Liberal demokratik toplumun sadece iki değer ölçütü, dolayısıyla da kolektif kararlarını düzenlemekte sadece iki standardı var: Kârlılık ve popülerlik. Bunlar da piyasalarda ve medyada hesaplanıyor. Bu formül nedeniyle aşırı tüketimcilik, iş dünyasında açgözlü seçkinler, kişisel imajını pompalamak için etnik ve dinsel aidiyet duygularını kullanan popülist siyasal liderler ortaya çıktı. Bu göz kamaştırıcı dikkat çekme yarışı ve saldırgan bir ulusal tavır alış içinde yok olup giden, 20. yüzyılın ilk yarısında birçok solcu sanatçı ve aydının katkıda bulunduğu endüstriyel modernleşme projeleri gibi kolektif projeler oldu. Sanatçılar ve aydınlar olarak bizlerin karşı karşıya bulunduğumuz mesele, piyasa yönetimindeki ve medya odaklı demokrasinin halen iflas ve çöküş içinde bulunan yoksunlaştırıcı liberal oformülünün ardından eşitlikçi umutların yeniden doğmasına yardım etmek amacıyla, kültür üretimi ve dağıtımının varolan biçimlerinin nasıl yeniden düzenlenebileceği meselesidir. Yeni dayanışma ve karşılıklılık değerleri, gerçekte yaşamsal bir ihtiyaç duyulan değişimler için ölçüt ve standart işlevi görerek, düşüncede nasıl görünür hale gelebilir?

Bu panelde, çağdaş ölçülerdeki her kolektif proje için vazgeçilmez olan bir dünya görüşü sorgulanmaktadır. Ama bu durağan ya da teksesli bir "dünya resmi" olamaz. Modernizmin endüstriyel ütopyalarını canlandırmak, sadece birer umut ve öfke göstergesi olarak sağa sola dağılmış baskı ve direniş enstantaneleriyle yetinmek boşuna olur. Postmodern parçalanmanın üstesinden gelinmesi gerekiyor ama yekpare sıkıdüzen yapılarına geri dönerek değil, onların yerine uzun vadeli anlayış ve eylem çerçeveleri yaratarak yapılması gerek bunun. Eksik olan şey, dağınık algı ve anlatım biçimlerini koordine etme yolları. Bunlar koordine edilmeli ki konumlanmış gösterme ve söyleme edimleri, hem varolan değer toplulukları içinde hem de dil, sınıf ve tarihsel deneyim sınırlarının ötesinde, sürdürülebilir işbirliği ve icra süreçlerine giden birer yol haline gelebilsin. Sanat, algıları ve hatıraları billurlaştırmanın, arzuları ve idealleri dile getirmenin ve onları dönüştürücü tartışmalara açmanın bir yoludur. Bir denormalizasyon ve özgürleştirme vektörüdür elbette, ama aynı zamanda da karmaşık toplumlarda bireysel özgürlük, küçük topluluk özerkliği ve toplumsal planlama arasında arabuluculuk için simgesel açıdan etkili bir arenadır.

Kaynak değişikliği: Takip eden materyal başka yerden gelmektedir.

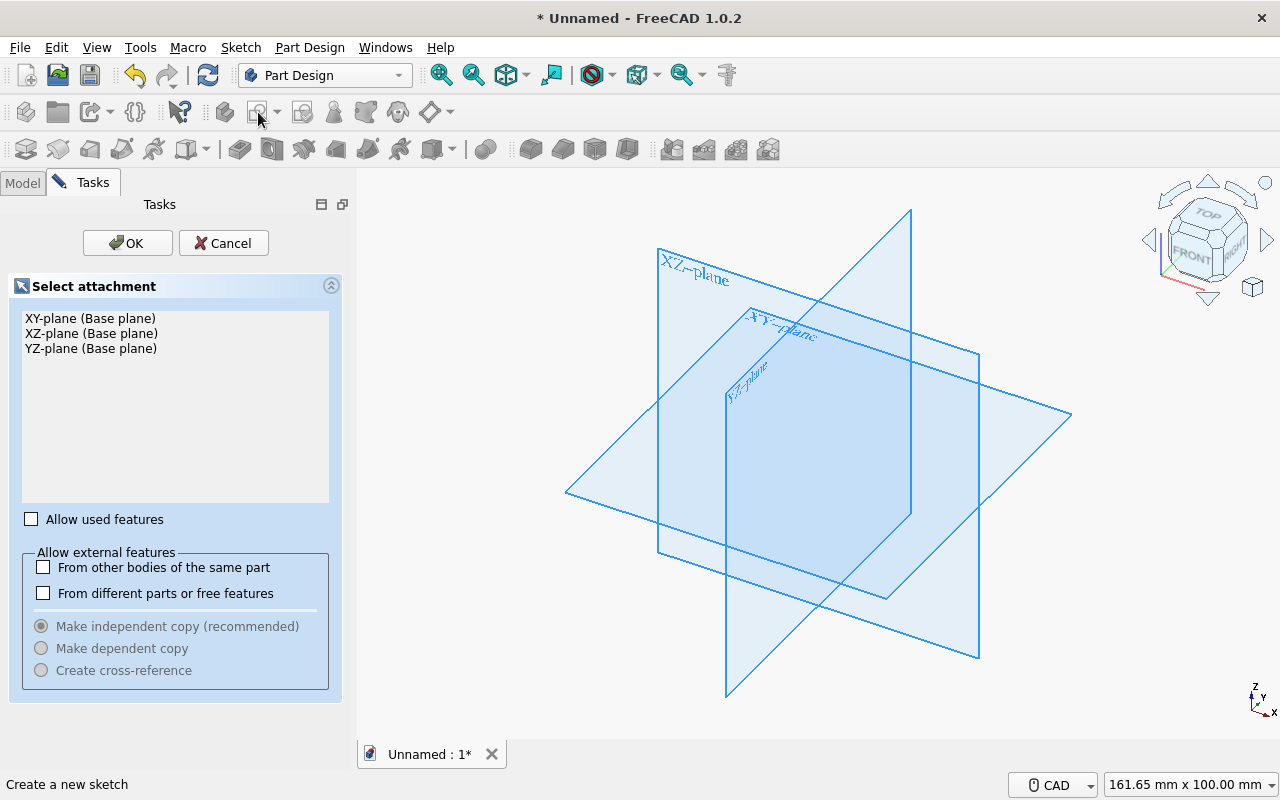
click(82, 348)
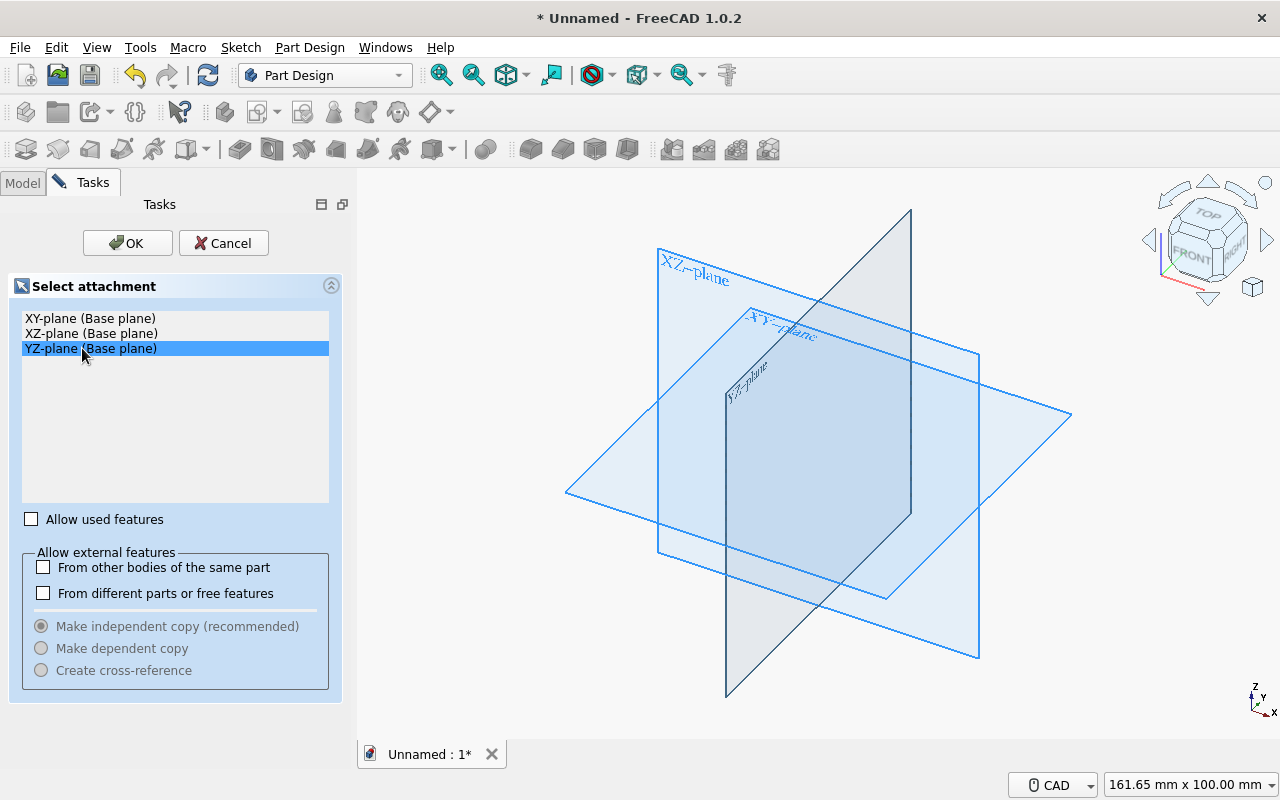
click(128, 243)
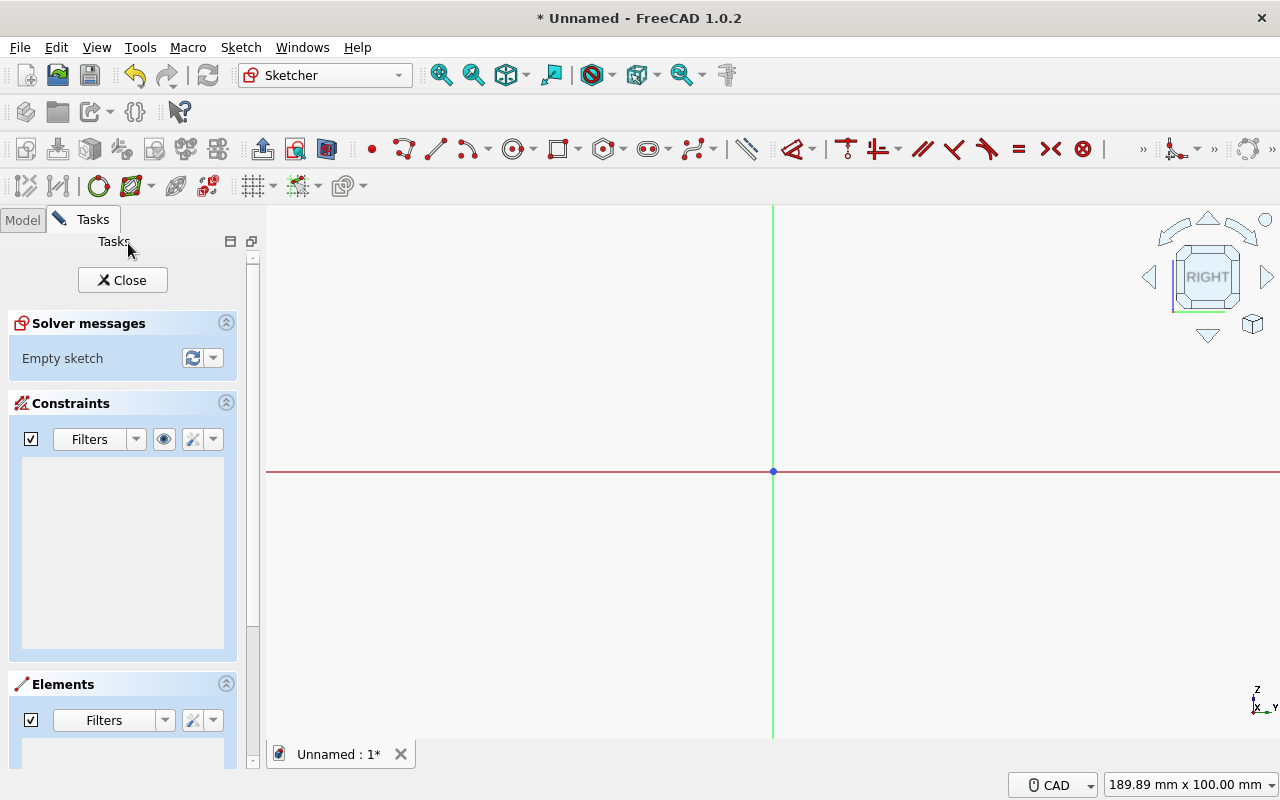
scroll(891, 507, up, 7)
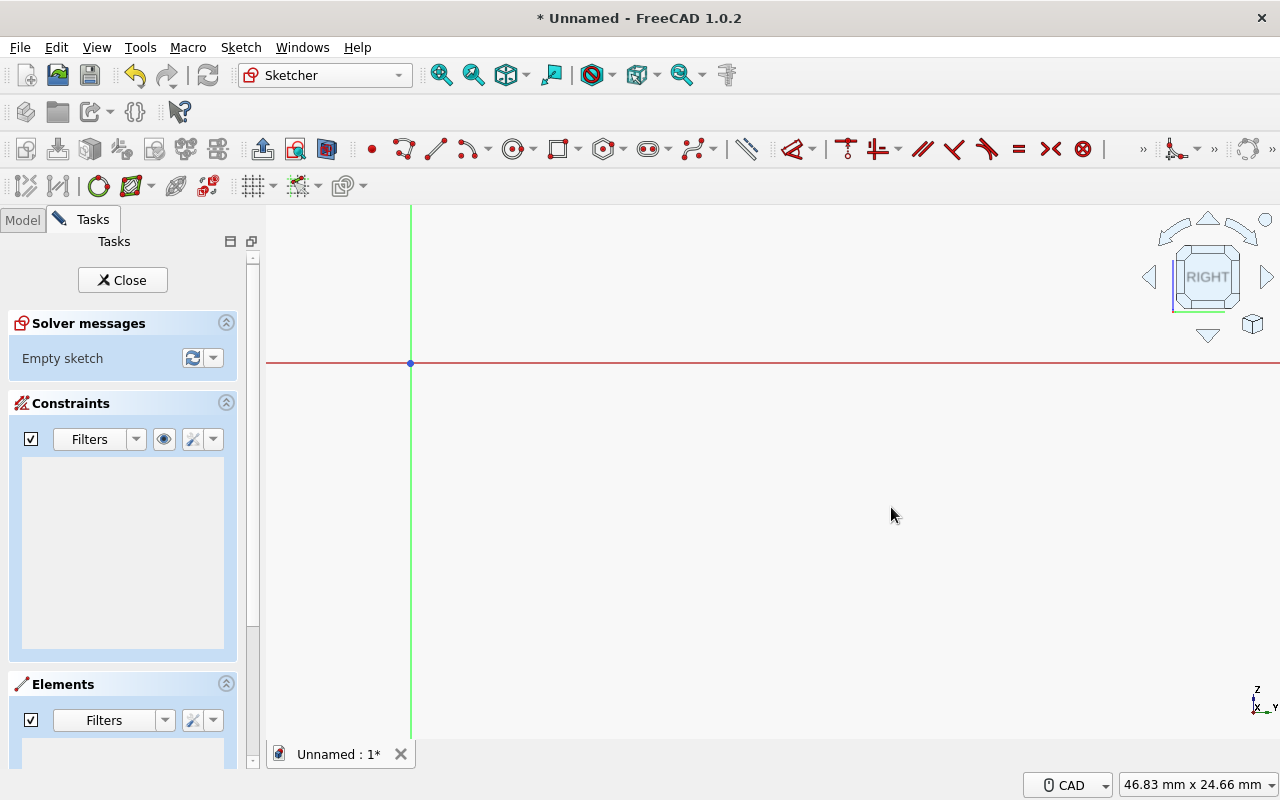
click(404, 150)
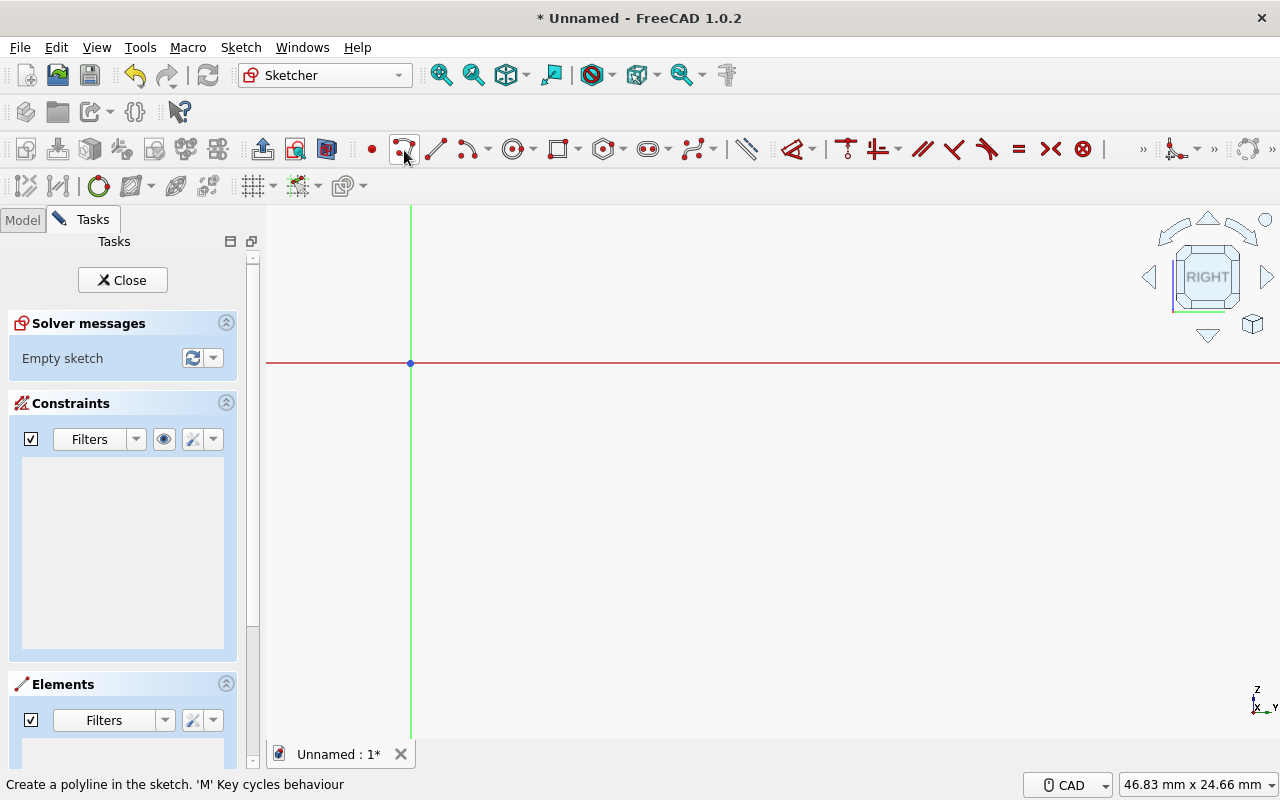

Dolayısıyla mesele, sanat müdahaleci olmalı mıdır olmamalı mıdır meselesi değil, hangi tür müdahaleleri hangi çapta, nerede, neden, nasıl, kiminle gerçekleştirebileceğidir. Büyük sergilerin "dünya lezzetleri"nden örnekler sunan göz alıcı birer alışveriş merkezi olduğu ya da altta yatan bir kâr güdüsüyle düzenlenmiş küresel popülerlik yarışmaları olduğu yolundaki alaycı görüşün üstesinden gelmek için estetik, ideolojik ve örgütsel düzeylerde çok çaba harcamak gerekmektedir. Ancak bu bedel karşılığında sanatçılar ve aydınlar kolektif projelere katkıda bulunmayı, başarı ya da başarısızlıklarını ölçmek için daha güvenilir yollar bulmayı düşünebilir.

Yarım yüzyılı aşkın bir süre önce Brecht meseleyi açıkça ortaya koymuştu: Bir dünya görüşüne gerçekten ihtiyacımız var mı? Bugün sorunun cevabı şu olabilir: Önümüzdeki yarım yüzyıl boyunca bizi bekleyen devasa zorlukları düşünmeyi bırakmış herkes.

Bu etkinlik British Council-Creative Collaboration tarafından destekleniyor.